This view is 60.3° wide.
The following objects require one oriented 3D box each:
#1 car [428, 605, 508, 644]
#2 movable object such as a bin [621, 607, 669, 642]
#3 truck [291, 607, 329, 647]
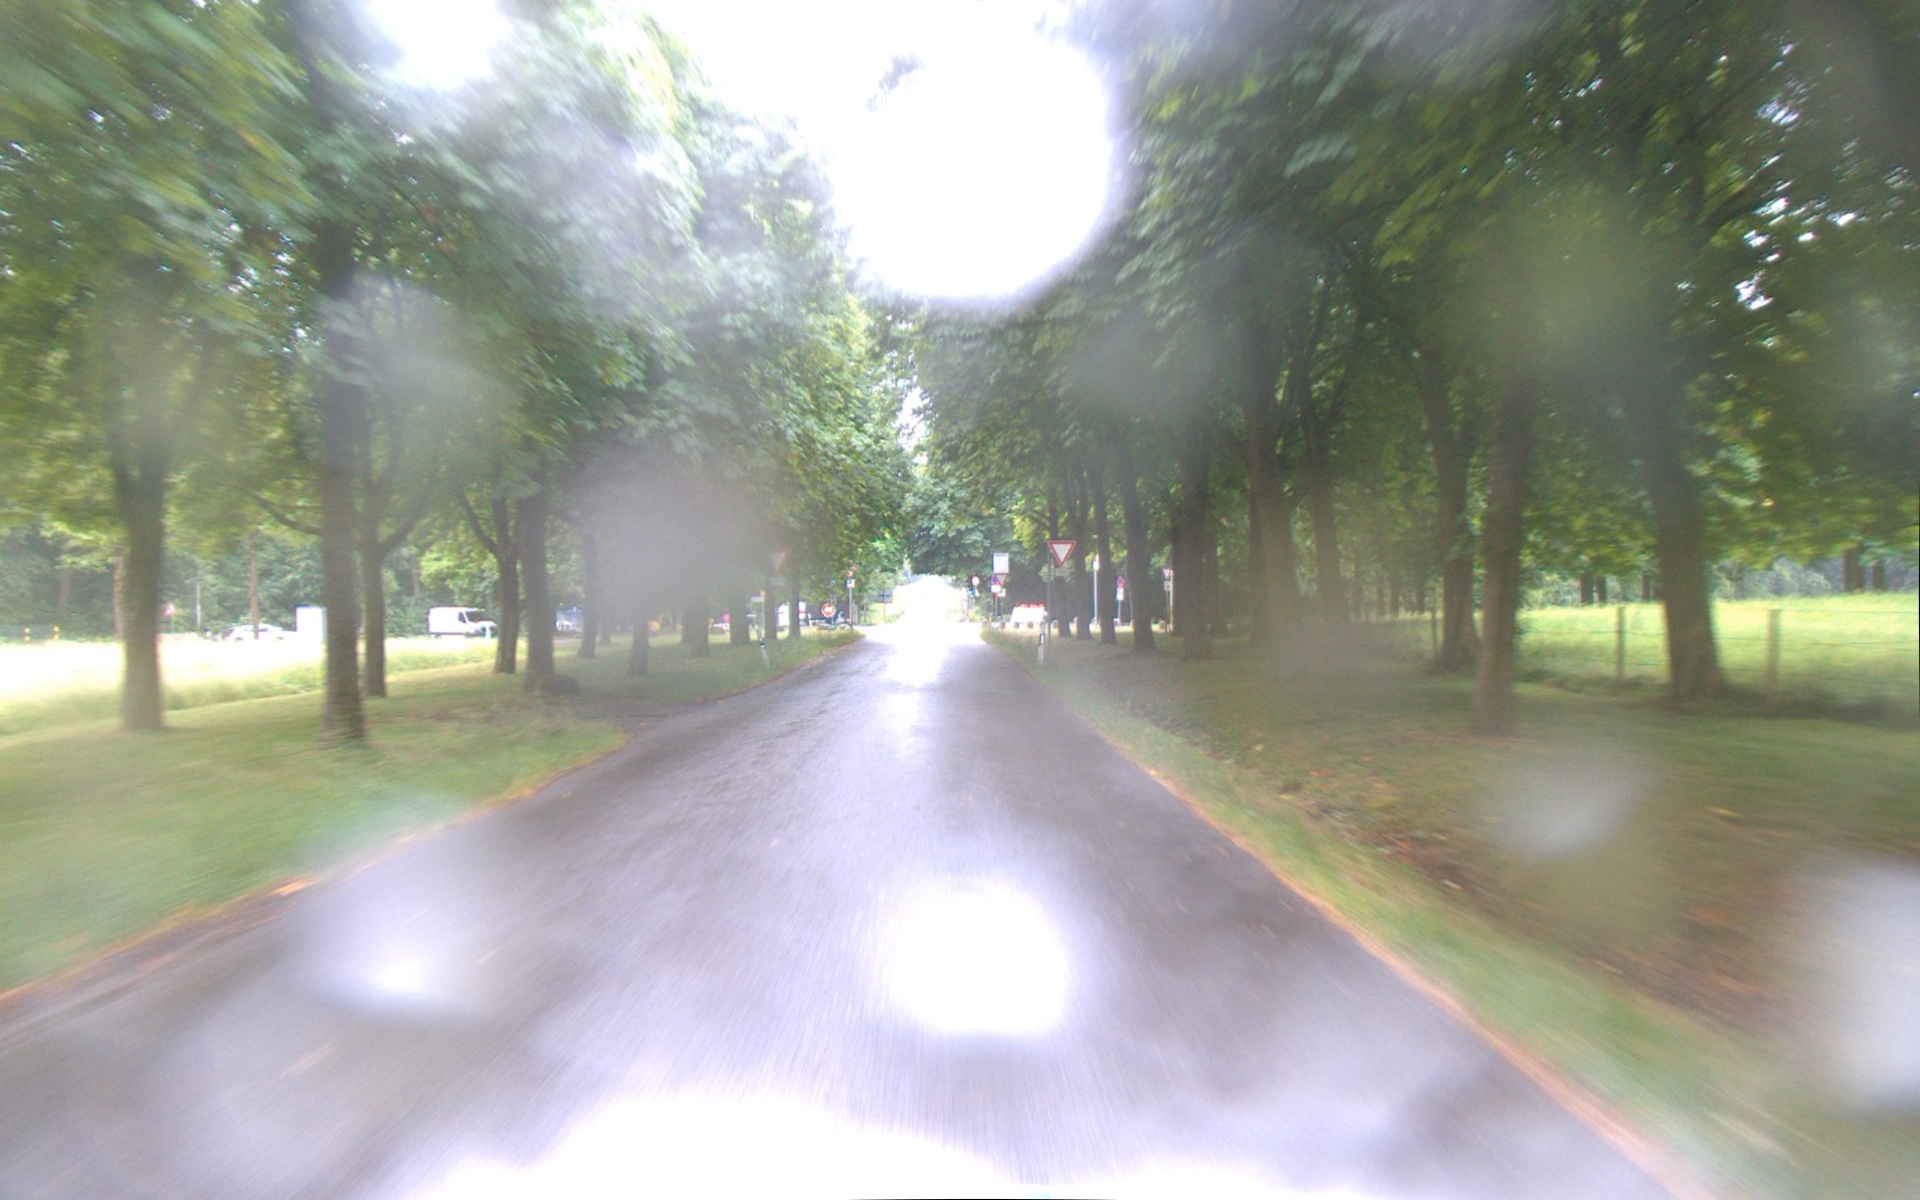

Exercise prompt: Leaving the pictures aside, write out the entries above exactly.

Solution to the problem:
This view is 60.3° wide.
The following objects require one oriented 3D box each:
#1 car [428, 605, 508, 644]
#2 movable object such as a bin [621, 607, 669, 642]
#3 truck [291, 607, 329, 647]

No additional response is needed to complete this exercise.